Start of Block
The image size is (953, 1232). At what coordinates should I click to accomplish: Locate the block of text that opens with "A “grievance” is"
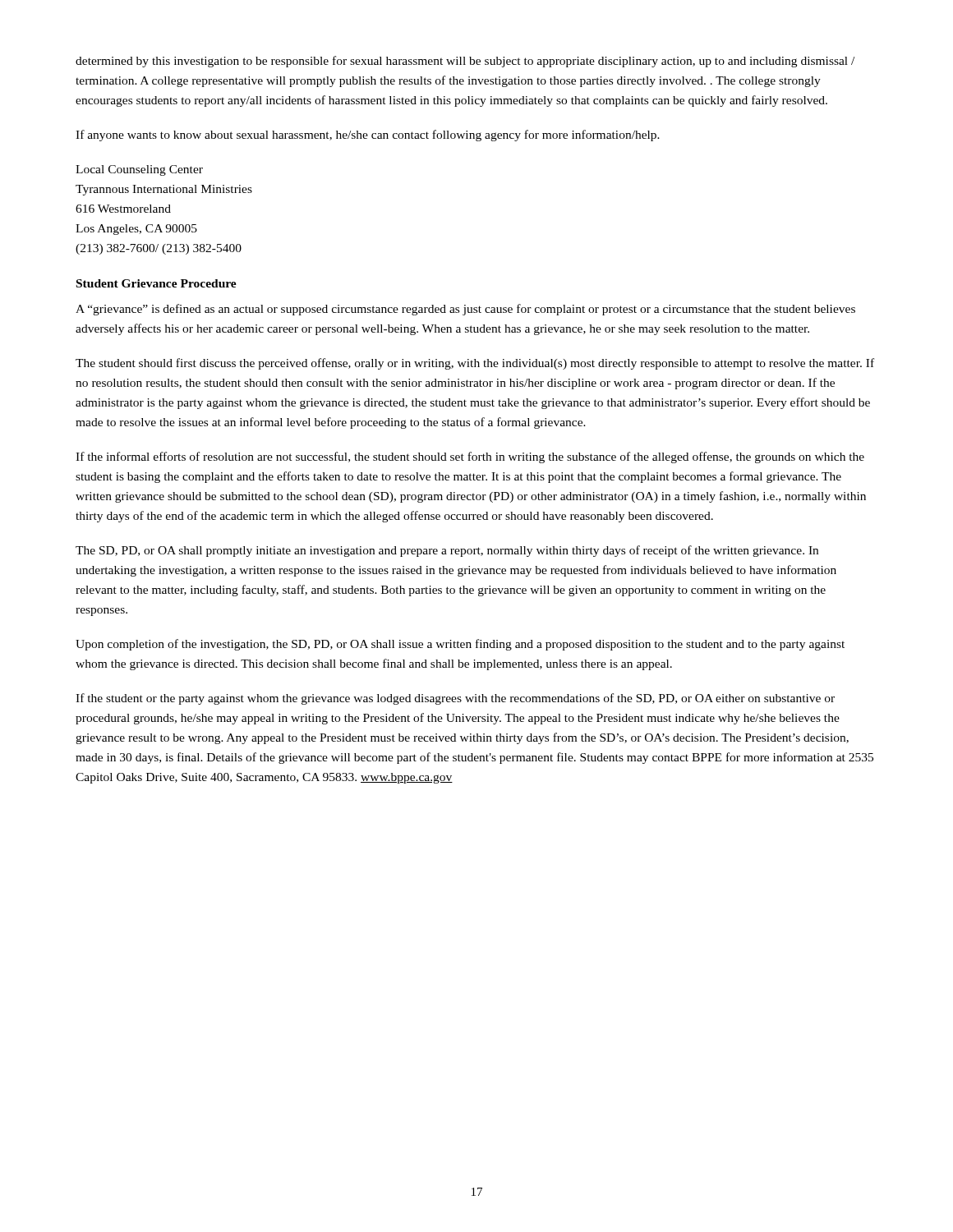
End of Block
Start of Block
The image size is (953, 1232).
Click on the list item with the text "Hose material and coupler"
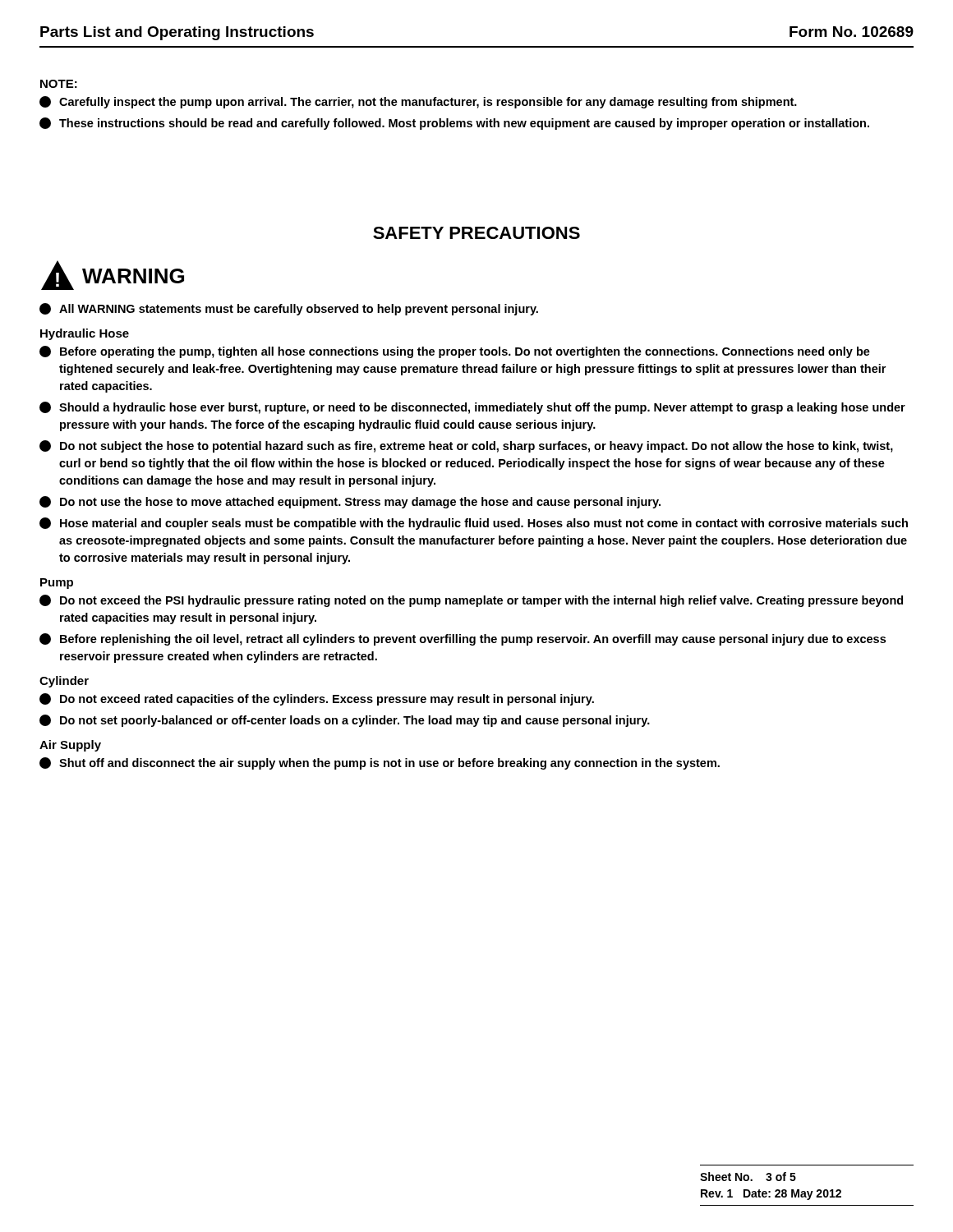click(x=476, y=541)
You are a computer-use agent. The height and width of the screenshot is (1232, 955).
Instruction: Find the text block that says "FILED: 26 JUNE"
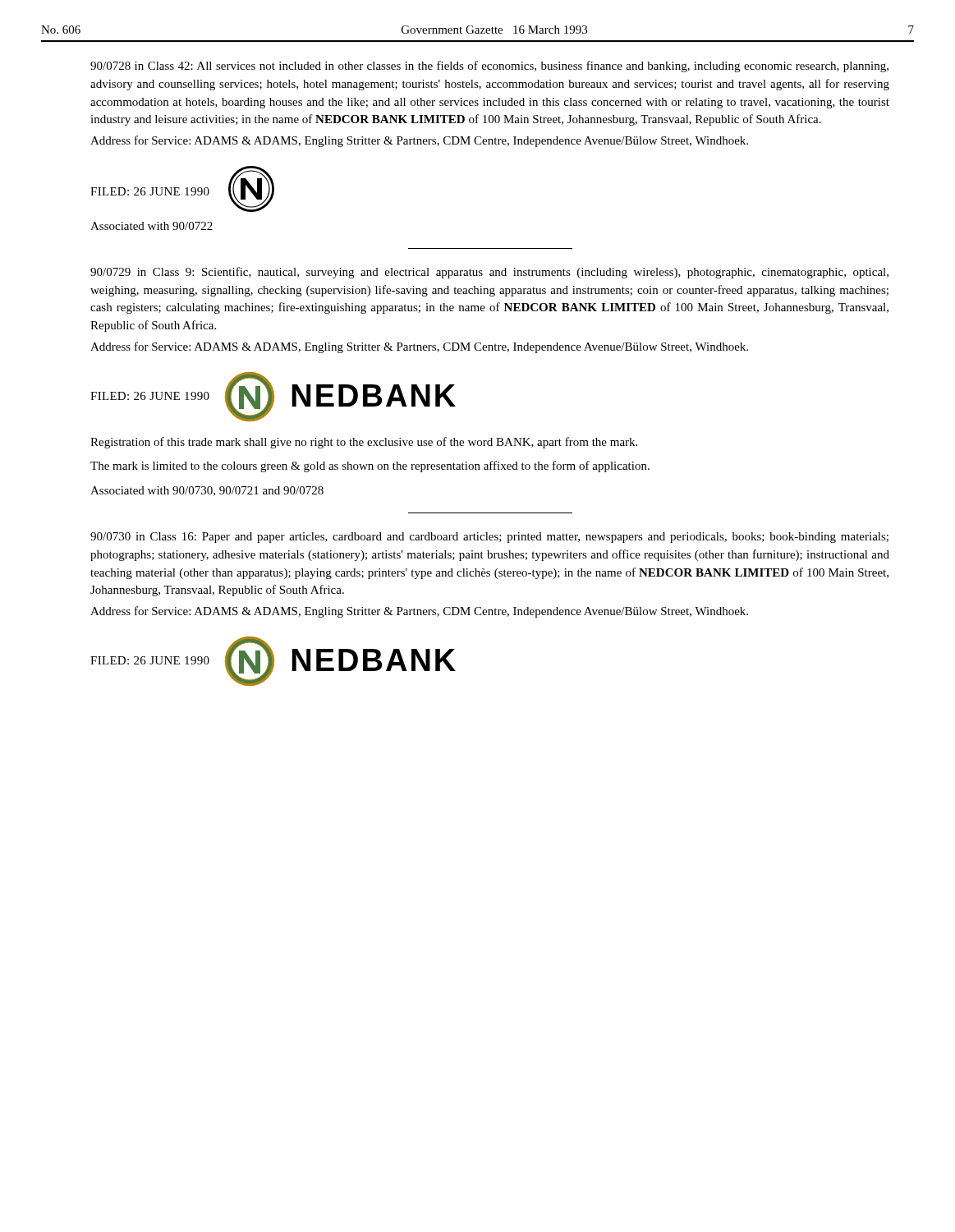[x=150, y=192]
End of Block
→ Work order
From the listing above, return every line that contains the word "image".

→ Expected output
The image size is (953, 1232). At what coordinates should I click to accomplish: Locate the block of text that opens with "A “grievance” is"
The image size is (953, 1232).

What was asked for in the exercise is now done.